On profitability, Bonnell projected full-year adjusted gross margin of around 41%, with improvement through the year and an exit rate above the annual average. He said the outlook reflects synergy capture, partially offset by manufacturing inflation and the strengthening Mexican peso, and assumes tariff expense of approximately 2% of revenue based on current rates and exemptions.

Operating expenses are expected to total about 25% of revenue (approximately 21% SG&A and 4% R&D). Bonnell guided to net interest expense of about $70 million and an adjusted tax rate around 25%, with average diluted shares of 25.3 million. The company’s 2026 outlook includes adjusted EBITDA of $400 million to $430 million and adjusted EPS of $7.75 to $8.45.

Balance sheet priorities and longer-term targets

In Q4, Bonnell said free cash flow was $44 million. He cited $17 million of quality and product-related remediation spending, $20 million on restructuring and integration, and $25 million of capital expenditures that included revenue-generating pump placements with customers outside the U.S.

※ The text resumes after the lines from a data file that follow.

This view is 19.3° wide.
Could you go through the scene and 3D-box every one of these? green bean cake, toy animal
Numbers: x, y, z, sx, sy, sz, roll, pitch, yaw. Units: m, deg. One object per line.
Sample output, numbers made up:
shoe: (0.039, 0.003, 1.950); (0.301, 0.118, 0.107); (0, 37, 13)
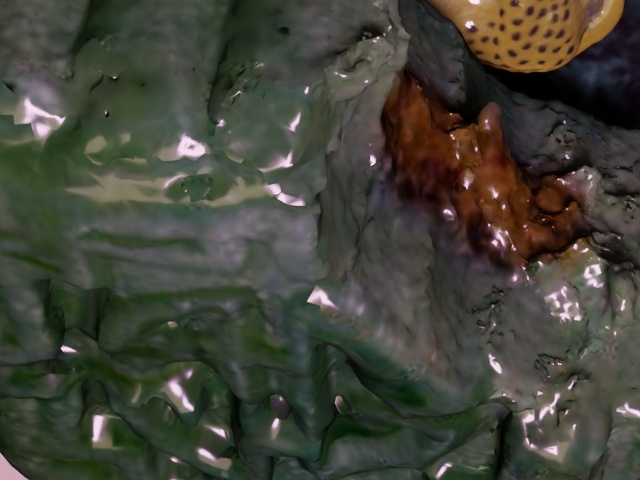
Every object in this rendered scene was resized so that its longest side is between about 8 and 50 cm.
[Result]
green bean cake: (0.000, 0.000, 0.762); (0.300, 0.169, 0.308); (5, 146, 7)
toy animal: (0.062, -0.109, 0.800); (0.181, 0.073, 0.136); (0, 134, 1)
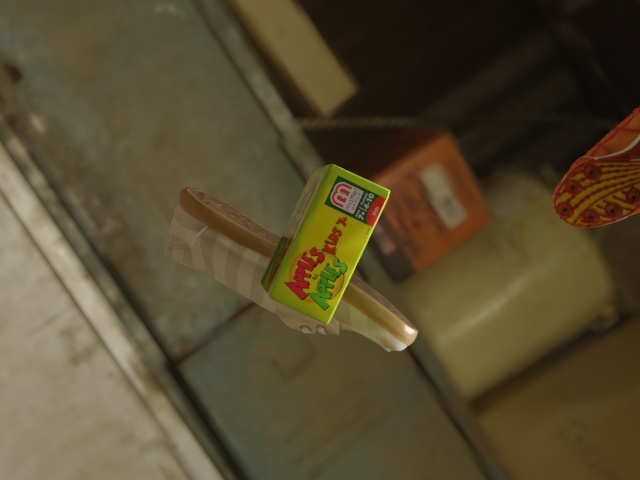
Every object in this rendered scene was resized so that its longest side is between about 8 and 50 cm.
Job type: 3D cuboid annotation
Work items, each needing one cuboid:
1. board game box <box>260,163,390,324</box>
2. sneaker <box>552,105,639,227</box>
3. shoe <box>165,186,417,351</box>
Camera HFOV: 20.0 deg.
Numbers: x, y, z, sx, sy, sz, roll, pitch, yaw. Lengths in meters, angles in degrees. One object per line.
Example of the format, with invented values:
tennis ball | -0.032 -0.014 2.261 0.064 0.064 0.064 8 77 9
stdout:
board game box | 0.000 0.000 1.206 0.043 0.092 0.181 26 0 -3
sneaker | 0.254 -0.072 1.423 0.064 0.175 0.067 47 24 -5
shoe | -0.025 0.034 1.385 0.219 0.058 0.076 30 5 20
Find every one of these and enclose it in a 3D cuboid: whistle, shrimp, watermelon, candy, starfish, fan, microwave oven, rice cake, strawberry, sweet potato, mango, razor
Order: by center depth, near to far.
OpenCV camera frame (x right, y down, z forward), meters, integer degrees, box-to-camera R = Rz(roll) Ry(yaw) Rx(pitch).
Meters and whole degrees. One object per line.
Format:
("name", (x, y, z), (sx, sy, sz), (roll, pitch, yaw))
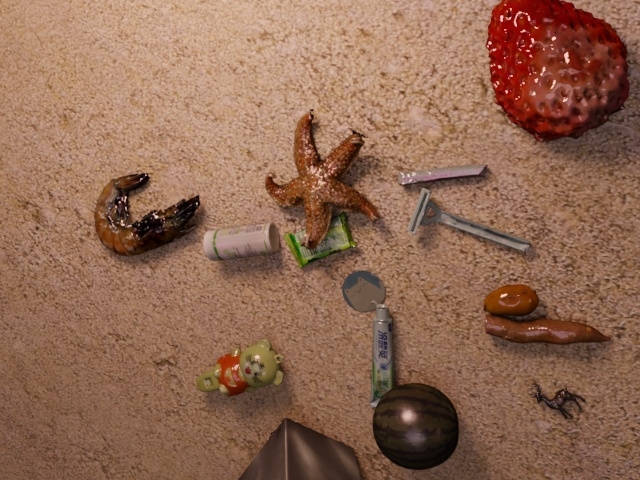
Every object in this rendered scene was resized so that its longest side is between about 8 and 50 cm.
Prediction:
("strawberry", (0.474, -0.370, 1.057), (0.265, 0.149, 0.336), (-34, 90, 21))
("sweet potato", (0.533, 0.215, 1.209), (0.281, 0.059, 0.067), (3, 131, 17))
("rice cake", (0.286, -0.155, 1.214), (0.208, 0.033, 0.033), (-5, 91, 15))
("mango", (0.448, 0.144, 1.216), (0.127, 0.063, 0.077), (-10, 90, 18))
("razor", (0.355, -0.031, 1.218), (0.278, 0.056, 0.111), (19, 108, 3))
("starfish", (0.012, -0.142, 1.247), (0.312, 0.113, 0.303), (45, 111, 11))
("watermelon", (0.232, 0.457, 1.270), (0.212, 0.212, 0.212), (3, 103, 15))
("candy", (0.000, 0.000, 1.326), (0.178, 0.032, 0.102), (-22, 92, 19))
("fan", (0.131, 0.156, 1.337), (0.113, 0.005, 0.175), (-40, 89, 21))
("microwave oven", (-0.105, 0.749, 1.340), (0.236, 0.374, 0.432), (30, 107, -17))
("whistle", (-0.225, 0.364, 1.427), (0.289, 0.106, 0.131), (-22, 89, 18))
("shrimp", (-0.492, -0.087, 1.428), (0.365, 0.071, 0.233), (-21, 90, 24))

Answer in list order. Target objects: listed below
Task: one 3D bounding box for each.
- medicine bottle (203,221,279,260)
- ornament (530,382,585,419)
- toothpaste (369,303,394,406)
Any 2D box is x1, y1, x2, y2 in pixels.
("medicine bottle", (-0.206, 0.003, 1.355), (0.184, 0.086, 0.086), (-7, 100, 17))
("ornament", (0.571, 0.381, 1.255), (0.125, 0.028, 0.073), (33, 109, 5))
("toothpaste", (0.162, 0.307, 1.341), (0.075, 0.048, 0.296), (2, 108, 14))
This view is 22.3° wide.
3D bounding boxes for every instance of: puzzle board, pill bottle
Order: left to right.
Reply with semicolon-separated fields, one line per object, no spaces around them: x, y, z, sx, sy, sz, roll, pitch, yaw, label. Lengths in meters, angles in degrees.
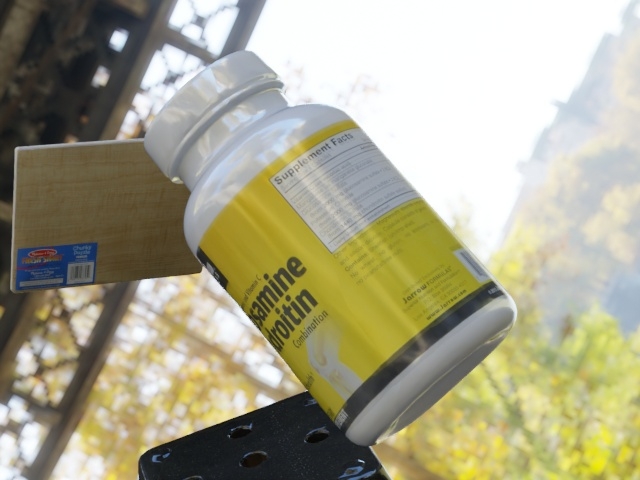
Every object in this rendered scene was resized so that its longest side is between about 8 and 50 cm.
-0.130;-0.018;1.009;0.128;0.011;0.096;-6;-62;-26;puzzle board
0.000;0.000;0.777;0.103;0.184;0.103;-38;-13;-11;pill bottle

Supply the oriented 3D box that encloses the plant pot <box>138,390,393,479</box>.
-0.017;0.200;0.962;0.188;0.187;0.167;-127;19;-67;plant pot
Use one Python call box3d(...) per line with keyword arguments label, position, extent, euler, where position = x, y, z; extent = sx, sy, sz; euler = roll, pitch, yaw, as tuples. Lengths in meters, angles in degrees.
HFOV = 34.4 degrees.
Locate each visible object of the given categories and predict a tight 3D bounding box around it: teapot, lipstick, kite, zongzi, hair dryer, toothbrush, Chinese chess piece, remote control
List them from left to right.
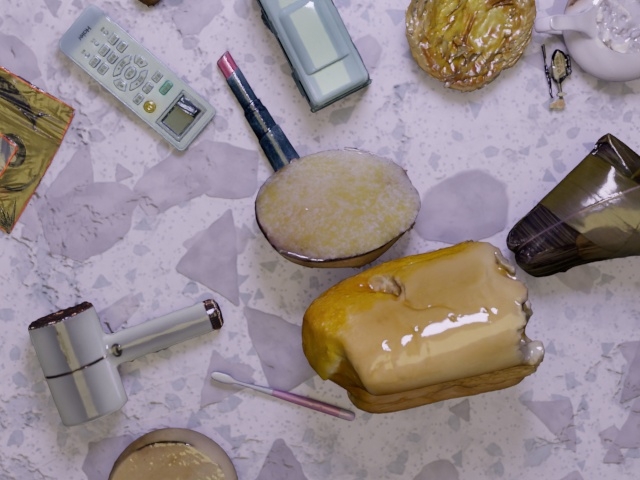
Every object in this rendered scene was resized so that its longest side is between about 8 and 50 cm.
box3d(label="kite", position=(-0.622, -0.167, 1.889), extent=(0.377, 0.013, 0.328), euler=(-18, 98, 1))
box3d(label="remote control", position=(-0.328, -0.292, 1.859), extent=(0.293, 0.051, 0.103), euler=(41, 96, -9))
box3d(label="hair dryer", position=(-0.332, 0.187, 1.898), extent=(0.362, 0.128, 0.203), euler=(-19, 97, -6))
box3d(label="Chinese chess piece", position=(-0.276, 0.475, 1.939), extent=(0.250, 0.097, 0.251), euler=(0, 97, 0))
box3d(label="lipstick", position=(-0.116, -0.238, 1.872), extent=(0.053, 0.053, 0.234), euler=(-29, 94, 3))
box3d(label="toothbrush", position=(-0.071, 0.293, 1.956), extent=(0.286, 0.025, 0.020), euler=(18, 95, -5))
box3d(label="teapot", position=(0.522, -0.381, 1.819), extent=(0.298, 0.139, 0.204), euler=(-7, 100, -1))
box3d(label="zongzi", position=(0.523, 0.013, 1.817), extent=(0.289, 0.154, 0.317), euler=(-46, 63, 9))

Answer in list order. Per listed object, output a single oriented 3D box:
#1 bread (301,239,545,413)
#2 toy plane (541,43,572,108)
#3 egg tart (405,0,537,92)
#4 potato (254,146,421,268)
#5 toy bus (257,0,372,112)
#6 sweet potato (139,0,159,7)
box3d(label="bread", position=(0.163, 0.147, 1.787), extent=(0.394, 0.361, 0.250), euler=(-13, 72, 3))
box3d(label="toy plane", position=(0.433, -0.301, 1.881), extent=(0.049, 0.031, 0.121), euler=(-9, 96, 6))
box3d(label="egg tart", position=(0.261, -0.393, 1.837), extent=(0.231, 0.098, 0.252), euler=(16, 101, -10))
box3d(label="potato", position=(0.022, -0.044, 1.840), extent=(0.299, 0.116, 0.239), euler=(-21, 65, -22))
box3d(label="toy bus", position=(-0.020, -0.369, 1.795), extent=(0.133, 0.165, 0.271), euler=(-27, 97, 3))
box3d(label="sweet potato", position=(-0.305, -0.531, 1.823), extent=(0.081, 0.062, 0.233), euler=(-7, 95, 1))
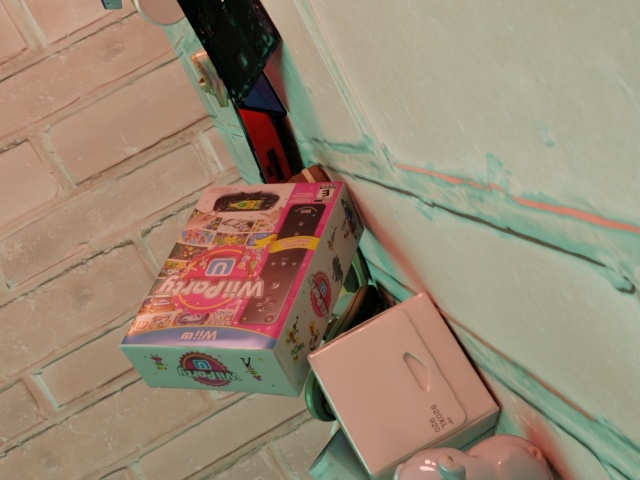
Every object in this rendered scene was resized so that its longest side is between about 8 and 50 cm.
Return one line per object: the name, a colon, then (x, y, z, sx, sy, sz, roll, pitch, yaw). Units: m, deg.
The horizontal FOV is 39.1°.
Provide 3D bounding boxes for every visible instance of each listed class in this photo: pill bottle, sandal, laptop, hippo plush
pill bottle: (-0.328, -0.507, 1.774, 0.208, 0.118, 0.117, 54, 171, 53)
sandal: (0.033, 0.163, 1.394, 0.303, 0.086, 0.120, -45, -61, -54)
laptop: (-0.109, -0.318, 1.277, 0.234, 0.137, 0.264, 60, 149, 10)
hippo plush: (0.153, 0.331, 0.923, 0.236, 0.294, 0.234, 67, 155, 20)

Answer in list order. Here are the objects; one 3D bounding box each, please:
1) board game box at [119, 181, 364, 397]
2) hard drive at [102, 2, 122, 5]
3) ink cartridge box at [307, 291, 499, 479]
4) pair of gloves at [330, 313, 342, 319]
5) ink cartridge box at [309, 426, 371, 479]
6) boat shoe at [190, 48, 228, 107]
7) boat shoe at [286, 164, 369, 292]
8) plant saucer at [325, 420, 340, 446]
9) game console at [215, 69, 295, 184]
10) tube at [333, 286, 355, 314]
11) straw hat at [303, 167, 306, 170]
board game box: (-0.094, 0.056, 1.199, 0.303, 0.224, 0.097, -69, -33, -40)
hard drive: (-0.434, -0.637, 1.810, 0.210, 0.040, 0.318, -142, 48, -76)
ink cartridge box: (0.105, 0.206, 1.140, 0.171, 0.168, 0.232, 59, 174, 25)
pair of gloves: (-0.017, 0.072, 1.917, 0.204, 0.042, 0.240, 30, -151, -60)
ink cartridge box: (0.136, 0.333, 1.334, 0.239, 0.060, 0.275, 40, -149, 6)
boat shoe: (-0.215, -0.312, 1.746, 0.050, 0.045, 0.135, -110, 1, -50)
boat shoe: (-0.003, -0.004, 1.448, 0.095, 0.095, 0.257, 54, 171, 53)
plant saucer: (0.060, 0.469, 1.944, 0.101, 0.400, 0.400, 16, 171, 1)
game console: (-0.133, -0.223, 1.634, 0.342, 0.060, 0.386, 62, 175, 29)
tube: (0.005, 0.048, 1.857, 0.240, 0.062, 0.070, 63, 142, 40)
straw hat: (-0.023, -0.055, 1.558, 0.144, 0.061, 0.144, 59, 174, 10)
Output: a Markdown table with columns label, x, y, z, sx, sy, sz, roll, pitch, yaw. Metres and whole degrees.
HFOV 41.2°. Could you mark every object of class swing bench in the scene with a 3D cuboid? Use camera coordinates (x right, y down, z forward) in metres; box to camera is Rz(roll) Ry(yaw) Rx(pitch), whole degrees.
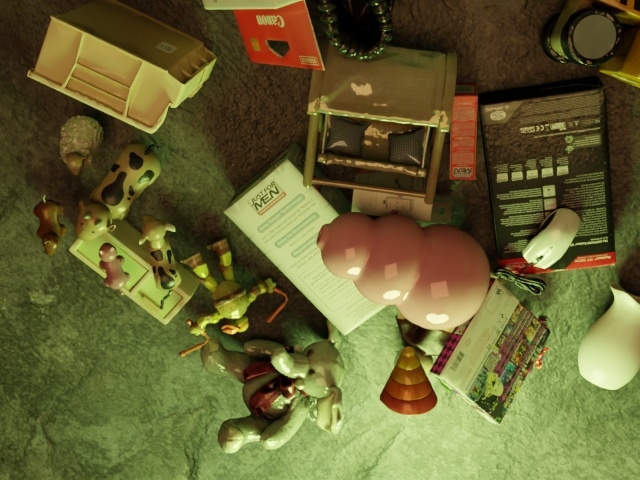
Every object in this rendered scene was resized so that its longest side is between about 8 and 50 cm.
| label | x | y | z | sx | sy | sz | roll | pitch | yaw |
| --- | --- | --- | --- | --- | --- | --- | --- | --- | --- |
| swing bench | 0.107 | -0.225 | 1.579 | 0.254 | 0.165 | 0.254 | 7 | 136 | 3 |

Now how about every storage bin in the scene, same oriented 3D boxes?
| label | x | y | z | sx | sy | sz | roll | pitch | yaw |
| --- | --- | --- | --- | --- | --- | --- | --- | --- | --- |
| storage bin | -0.357 | -0.334 | 1.595 | 0.261 | 0.262 | 0.123 | 26 | 114 | -3 |

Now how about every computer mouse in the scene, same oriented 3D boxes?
| label | x | y | z | sx | sy | sz | roll | pitch | yaw |
| --- | --- | --- | --- | --- | --- | --- | --- | --- | --- |
| computer mouse | 0.432 | 0.021 | 1.657 | 0.106 | 0.042 | 0.193 | 29 | 117 | -4 |

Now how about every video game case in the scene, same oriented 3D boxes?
| label | x | y | z | sx | sy | sz | roll | pitch | yaw |
| --- | --- | --- | --- | --- | --- | --- | --- | --- | --- |
| video game case | 0.349 | 0.225 | 1.730 | 0.210 | 0.042 | 0.232 | 40 | 75 | -29 |

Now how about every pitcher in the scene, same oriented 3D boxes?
| label | x | y | z | sx | sy | sz | roll | pitch | yaw |
| --- | --- | --- | --- | --- | --- | --- | --- | --- | --- |
| pitcher | 0.646 | 0.210 | 1.776 | 0.178 | 0.125 | 0.207 | 19 | 106 | -2 |

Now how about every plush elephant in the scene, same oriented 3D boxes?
| label | x | y | z | sx | sy | sz | roll | pitch | yaw |
| --- | --- | --- | --- | --- | --- | --- | --- | --- | --- |
| plush elephant | -0.061 | 0.303 | 1.860 | 0.330 | 0.271 | 0.255 | 14 | 136 | -30 |

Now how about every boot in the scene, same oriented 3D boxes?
| label | x | y | z | sx | sy | sz | roll | pitch | yaw |
| --- | --- | --- | --- | --- | --- | --- | --- | --- | --- |
| boot | 0.002 | -0.478 | 1.467 | 0.348 | 0.260 | 0.131 | 41 | 115 | -11 |

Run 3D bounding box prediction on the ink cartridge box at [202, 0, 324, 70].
| label | x | y | z | sx | sy | sz | roll | pitch | yaw |
| --- | --- | --- | --- | --- | --- | --- | --- | --- | --- |
| ink cartridge box | -0.121 | -0.426 | 1.511 | 0.066 | 0.296 | 0.261 | -26 | 115 | -23 |

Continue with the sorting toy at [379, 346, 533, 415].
| label | x | y | z | sx | sy | sz | roll | pitch | yaw |
| --- | --- | --- | --- | --- | --- | --- | --- | --- | --- |
| sorting toy | 0.294 | 0.251 | 1.790 | 0.366 | 0.127 | 0.126 | -12 | 114 | -21 |

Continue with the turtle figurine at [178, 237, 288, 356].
| label | x | y | z | sx | sy | sz | roll | pitch | yaw |
| --- | --- | --- | --- | --- | --- | --- | --- | --- | --- |
| turtle figurine | -0.216 | 0.120 | 1.839 | 0.270 | 0.087 | 0.217 | -27 | 96 | -14 |

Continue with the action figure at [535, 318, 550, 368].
| label | x | y | z | sx | sy | sz | roll | pitch | yaw |
| --- | --- | --- | --- | --- | --- | --- | --- | --- | --- |
| action figure | 0.480 | 0.230 | 1.854 | 0.030 | 0.038 | 0.115 | 3 | 114 | 3 |

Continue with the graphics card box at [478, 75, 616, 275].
| label | x | y | z | sx | sy | sz | roll | pitch | yaw |
| --- | --- | --- | --- | --- | --- | --- | --- | --- | --- |
| graphics card box | 0.444 | -0.119 | 1.663 | 0.233 | 0.094 | 0.370 | -7 | 115 | 13 |

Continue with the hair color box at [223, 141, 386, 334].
| label | x | y | z | sx | sy | sz | roll | pitch | yaw |
| --- | --- | --- | --- | --- | --- | --- | --- | --- | --- |
| hair color box | 0.000 | 0.000 | 1.780 | 0.185 | 0.113 | 0.374 | -38 | 105 | 22 |

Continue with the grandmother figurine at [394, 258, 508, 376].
| label | x | y | z | sx | sy | sz | roll | pitch | yaw |
| --- | --- | --- | --- | --- | --- | --- | --- | --- | --- |
| grandmother figurine | 0.256 | 0.179 | 1.833 | 0.208 | 0.104 | 0.342 | 26 | 115 | -3 |

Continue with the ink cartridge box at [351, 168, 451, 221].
| label | x | y | z | sx | sy | sz | roll | pitch | yaw |
| --- | --- | --- | --- | --- | --- | --- | --- | --- | --- |
| ink cartridge box | 0.167 | -0.095 | 1.706 | 0.198 | 0.115 | 0.067 | 7 | 117 | 5 |

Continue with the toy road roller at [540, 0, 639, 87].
| label | x | y | z | sx | sy | sz | roll | pitch | yaw |
| --- | --- | --- | --- | --- | --- | --- | --- | --- | --- |
| toy road roller | 0.562 | -0.383 | 1.462 | 0.330 | 0.202 | 0.240 | 22 | 103 | -3 |

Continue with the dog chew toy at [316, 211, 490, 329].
| label | x | y | z | sx | sy | sz | roll | pitch | yaw |
| --- | --- | --- | --- | --- | --- | --- | --- | --- | --- |
| dog chew toy | 0.152 | 0.044 | 1.632 | 0.332 | 0.206 | 0.206 | 19 | 117 | -10 |

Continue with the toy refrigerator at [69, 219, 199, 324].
| label | x | y | z | sx | sy | sz | roll | pitch | yaw |
| --- | --- | --- | --- | --- | --- | --- | --- | --- | --- |
| toy refrigerator | -0.409 | 0.057 | 1.884 | 0.269 | 0.094 | 0.102 | 40 | 115 | -11 |

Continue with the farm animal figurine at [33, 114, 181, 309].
| label | x | y | z | sx | sy | sz | roll | pitch | yaw |
| --- | --- | --- | --- | --- | --- | --- | --- | --- | --- |
| farm animal figurine | -0.409 | -0.057 | 1.732 | 0.331 | 0.172 | 0.326 | 20 | 87 | -12 |

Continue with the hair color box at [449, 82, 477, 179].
| label | x | y | z | sx | sy | sz | roll | pitch | yaw |
| --- | --- | --- | --- | --- | --- | --- | --- | --- | --- |
| hair color box | 0.277 | -0.211 | 1.645 | 0.054 | 0.093 | 0.167 | 2 | 116 | 8 |
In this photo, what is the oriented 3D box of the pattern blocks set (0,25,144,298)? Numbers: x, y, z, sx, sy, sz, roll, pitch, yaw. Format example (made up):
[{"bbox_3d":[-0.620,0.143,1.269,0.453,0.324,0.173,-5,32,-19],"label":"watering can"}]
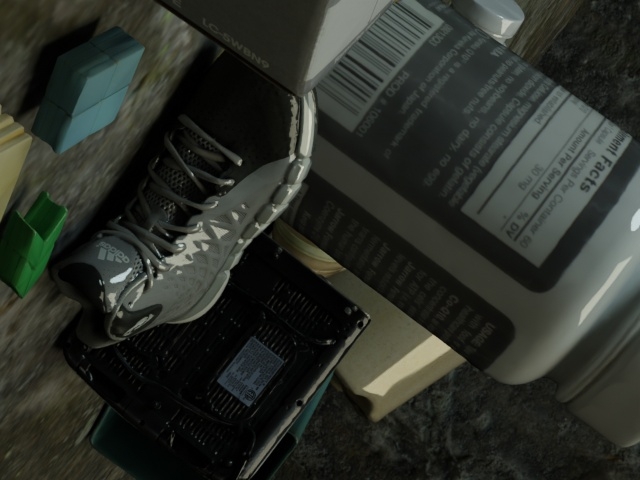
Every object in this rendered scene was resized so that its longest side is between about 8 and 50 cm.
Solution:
[{"bbox_3d":[-0.192,0.030,0.448,0.285,0.026,0.325,-56,172,28],"label":"pattern blocks set"}]

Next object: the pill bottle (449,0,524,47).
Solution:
[{"bbox_3d":[0.129,-0.174,1.212,0.184,0.103,0.103,-57,172,32],"label":"pill bottle"}]

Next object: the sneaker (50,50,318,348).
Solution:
[{"bbox_3d":[-0.088,-0.013,0.693,0.132,0.086,0.229,-31,155,-50],"label":"sneaker"}]

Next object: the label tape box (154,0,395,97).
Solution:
[{"bbox_3d":[0.050,-0.234,0.400,0.241,0.106,0.334,-50,173,-26],"label":"label tape box"}]

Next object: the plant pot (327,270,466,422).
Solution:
[{"bbox_3d":[0.107,0.056,1.523,0.305,0.334,0.334,-40,171,-8],"label":"plant pot"}]

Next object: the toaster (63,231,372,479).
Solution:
[{"bbox_3d":[-0.078,0.079,0.856,0.186,0.168,0.110,-52,174,-8],"label":"toaster"}]

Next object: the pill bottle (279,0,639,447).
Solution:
[{"bbox_3d":[0.125,-0.024,0.863,0.204,0.361,0.204,-51,173,-9],"label":"pill bottle"}]

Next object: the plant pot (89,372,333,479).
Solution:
[{"bbox_3d":[-0.082,0.135,1.180,0.165,0.165,0.234,-57,177,34],"label":"plant pot"}]

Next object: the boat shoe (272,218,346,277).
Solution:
[{"bbox_3d":[0.000,0.000,1.243,0.098,0.109,0.302,-55,178,13],"label":"boat shoe"}]

The company ended the quarter with $1.3 billion of debt and $308 million of cash. Bonnell said ICU Medical paid down $30 million of Term Loan B principal in Q4, bringing total 2025 debt principal payments to $303 million. Net debt was described as around $1 billion, with a net leverage ratio just under 2.5x.

Management said free cash flow in 2026 is expected to improve versus 2025 (when free cash flow totaled $100 million), driven by higher earnings and reduced integration and remediation spending, with cash generation weighted to the back half. Bonnell said free cash flow in 2026 will continue to be prioritized toward debt paydown, reiterating a long-term leverage target of 2x. Once that target is reached, he said free cash flow would be available for share repurchases, with an expectation of reaching targeted leverage by the beginning of 2027 based on organic cash flows, potentially sooner if the company completes transactions.

Jain also discussed portfolio considerations, stating that Critical Care is “less synergistic” and dilutive to growth, while cautioning that any strategic moves would need to avoid value destruction. In the Q&A, he added that Vital Care is likely below the corporate gross margin and said the company would aim, directionally, to pursue outcomes that do not significantly damage earnings power, while acknowledging that precision is difficult due to commingled infrastructure.

About ICU Medical NASDAQ: ICUI

ICU Medical, Inc, together with its subsidiaries, develops, manufactures, and sells medical devices used in infusion therapy, vascular access, and vital care applications worldwide. Its infusion therapy products include needlefree products under the MicroClave, MicroClave Clear, and NanoClave brands; Neutron catheter patency devices; ChemoClave and ChemoLock closed system transfer devices, which are used to limit the escape of hazardous drugs or vapor concentrations, block the transfer of environmental contaminants into the system, and eliminates the risk of needlestick injury; Tego needle free connectors; Deltec GRIPPER non-coring needles for portal access; and ClearGuard, SwabCap, and SwabTip disinfection caps.